Nature Materials, Vol.10, No.7, 507-511, 2011
Linear coupling of alignment with transport in a polymer electrolyte membrane
Polymer electrolyte membranes (PEMs) selectively transport ions and polar molecules in a robust yet formable solid support. Tailored PEMs allow for devices such as solid-state batteries, `artificial muscle' actuators and reverse-osmosis water purifiers. Understanding how PEM structure and morphology relate to mobile species transport presents a challenge for designing next-generation materials. Material length scales from subnanometre(1,2) to 1 mu m (refs 3,4) influence bulk properties such as ion conductivity and water transport.

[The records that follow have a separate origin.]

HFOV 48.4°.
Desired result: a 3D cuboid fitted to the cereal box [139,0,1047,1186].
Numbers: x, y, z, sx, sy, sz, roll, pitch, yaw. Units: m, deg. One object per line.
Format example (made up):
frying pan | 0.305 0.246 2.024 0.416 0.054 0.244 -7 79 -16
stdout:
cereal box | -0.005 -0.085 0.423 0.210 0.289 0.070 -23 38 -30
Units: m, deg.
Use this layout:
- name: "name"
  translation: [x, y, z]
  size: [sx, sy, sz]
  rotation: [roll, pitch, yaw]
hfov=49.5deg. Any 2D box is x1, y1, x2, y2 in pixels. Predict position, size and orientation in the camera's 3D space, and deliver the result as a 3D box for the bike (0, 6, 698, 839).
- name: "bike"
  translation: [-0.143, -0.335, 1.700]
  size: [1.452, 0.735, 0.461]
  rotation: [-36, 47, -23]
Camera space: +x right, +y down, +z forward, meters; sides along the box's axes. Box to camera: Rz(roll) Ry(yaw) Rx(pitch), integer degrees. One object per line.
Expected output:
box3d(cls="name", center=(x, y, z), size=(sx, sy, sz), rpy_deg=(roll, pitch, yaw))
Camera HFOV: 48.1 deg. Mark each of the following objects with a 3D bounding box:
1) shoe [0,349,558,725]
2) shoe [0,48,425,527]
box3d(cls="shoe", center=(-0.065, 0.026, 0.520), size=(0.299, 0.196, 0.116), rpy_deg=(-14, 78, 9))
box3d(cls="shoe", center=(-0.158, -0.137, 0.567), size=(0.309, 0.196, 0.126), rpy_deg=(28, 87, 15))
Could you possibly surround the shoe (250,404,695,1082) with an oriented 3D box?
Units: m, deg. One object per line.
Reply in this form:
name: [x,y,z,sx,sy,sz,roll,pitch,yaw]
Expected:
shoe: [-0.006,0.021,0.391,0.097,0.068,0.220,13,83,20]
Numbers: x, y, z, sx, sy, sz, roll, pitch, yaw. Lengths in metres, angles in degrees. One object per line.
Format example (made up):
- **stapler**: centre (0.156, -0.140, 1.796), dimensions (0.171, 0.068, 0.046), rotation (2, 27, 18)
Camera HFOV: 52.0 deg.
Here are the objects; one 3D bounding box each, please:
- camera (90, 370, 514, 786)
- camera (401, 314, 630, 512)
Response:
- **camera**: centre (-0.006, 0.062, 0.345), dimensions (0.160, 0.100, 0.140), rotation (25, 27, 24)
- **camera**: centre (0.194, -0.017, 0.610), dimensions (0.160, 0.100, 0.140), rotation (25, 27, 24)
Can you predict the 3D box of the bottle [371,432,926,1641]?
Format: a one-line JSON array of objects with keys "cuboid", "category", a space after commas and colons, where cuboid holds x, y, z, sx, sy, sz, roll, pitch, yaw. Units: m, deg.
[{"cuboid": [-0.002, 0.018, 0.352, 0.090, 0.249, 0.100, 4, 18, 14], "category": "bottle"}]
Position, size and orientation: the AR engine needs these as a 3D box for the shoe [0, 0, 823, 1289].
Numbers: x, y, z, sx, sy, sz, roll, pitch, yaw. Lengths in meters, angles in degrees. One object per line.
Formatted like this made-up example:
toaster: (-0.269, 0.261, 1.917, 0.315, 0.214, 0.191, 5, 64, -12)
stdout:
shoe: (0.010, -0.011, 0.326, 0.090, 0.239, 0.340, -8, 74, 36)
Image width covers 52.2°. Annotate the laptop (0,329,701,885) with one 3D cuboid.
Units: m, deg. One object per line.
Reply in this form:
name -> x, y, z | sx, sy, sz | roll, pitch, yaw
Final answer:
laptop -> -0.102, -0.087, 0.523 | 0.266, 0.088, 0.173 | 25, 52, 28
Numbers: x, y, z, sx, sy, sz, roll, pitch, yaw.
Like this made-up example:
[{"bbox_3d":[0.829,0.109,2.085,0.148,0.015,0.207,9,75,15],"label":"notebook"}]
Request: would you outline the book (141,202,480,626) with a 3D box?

Here we employ multi-axis pulsed-field-gradient NMR (ref. 5) to measure diffusion anisotropy, and (2)HNMRspectroscopy(5,6) and synchrotron small-angle X-ray scattering(7) to probe orientational order as a function of water content and of membrane stretching. Strikingly, transport anisotropy linearly depends on the degree of alignment, signifying that membrane stretching affects neither the nanometre-scale channel dimensions nor the defect structure, causing only domain reorientation. The observed reorientation of anisotropic domains without perturbation of the inherent nematic-like domain character parallels the behaviour of nematic elastomers(8), promises tailored membrane conduction and potentially allows understanding of tunable shape-memory effects in PEM materials(9). This quantitative understanding will drive PEM design efforts towards optimal membrane transport, thus enabling more efficient polymeric batteries, fuel cells, mechanical actuators and water purification.